Summary
Background
Chronic spontaneous urticaria (CSU) is a skin disease, with itchy hives and / or angioedema that last for at least 6 weeks without an obvious external trigger.
Objectives
The objective of this study was to determine the cost-effectiveness of omalizumab relative to standard of care (SoC; up to 4 times the daily dose of H1-antihistaminics) for the Netherlands from a societal perspective.
Methods
The Markov model used consisted of five health states based on Urticaria Activity Score over seven days (UAS7).
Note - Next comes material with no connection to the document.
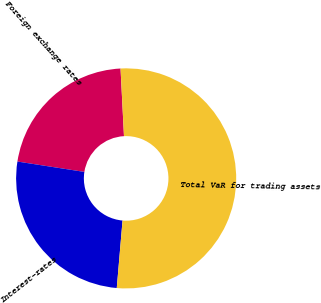<chart> <loc_0><loc_0><loc_500><loc_500><pie_chart><fcel>Foreign exchange rates<fcel>Interest-rates<fcel>Total VaR for trading assets<nl><fcel>21.74%<fcel>26.09%<fcel>52.17%<nl></chart>

Model settings and characteristics of the Dutch patient population were based on an online survey among clinical experts and were validated during an expert committee meeting. Transition probabilities were derived from the GLACIAL trial. Healthcare consumption, quality of life (using EQ-5D) and productivity losses were derived from a burden of illness study (ASSURE-CSU) among 93 Dutch patients. Healthcare consumption and productivity losses were valued using the Dutch costing manual. Comparator treatment was SoC, consisting of (up dosed) antihistamines. A ten-year time horizon was used.
Results
The incremental cost-effectiveness ratio (ICER) of omalizumab versus SoC was €17,502 per quality adjusted life year (QALY) gained. Productivity costs played an important role in the value of the ICER; discarding productivity costs resulted in an ICER of €85,310 per QALY.
Conclusions
Omalizumab is cost-effective compared to SoC. The outcomes of this study were used to establish omalizumab as third-line treatment in the Dutch treatment guidelines for CSU.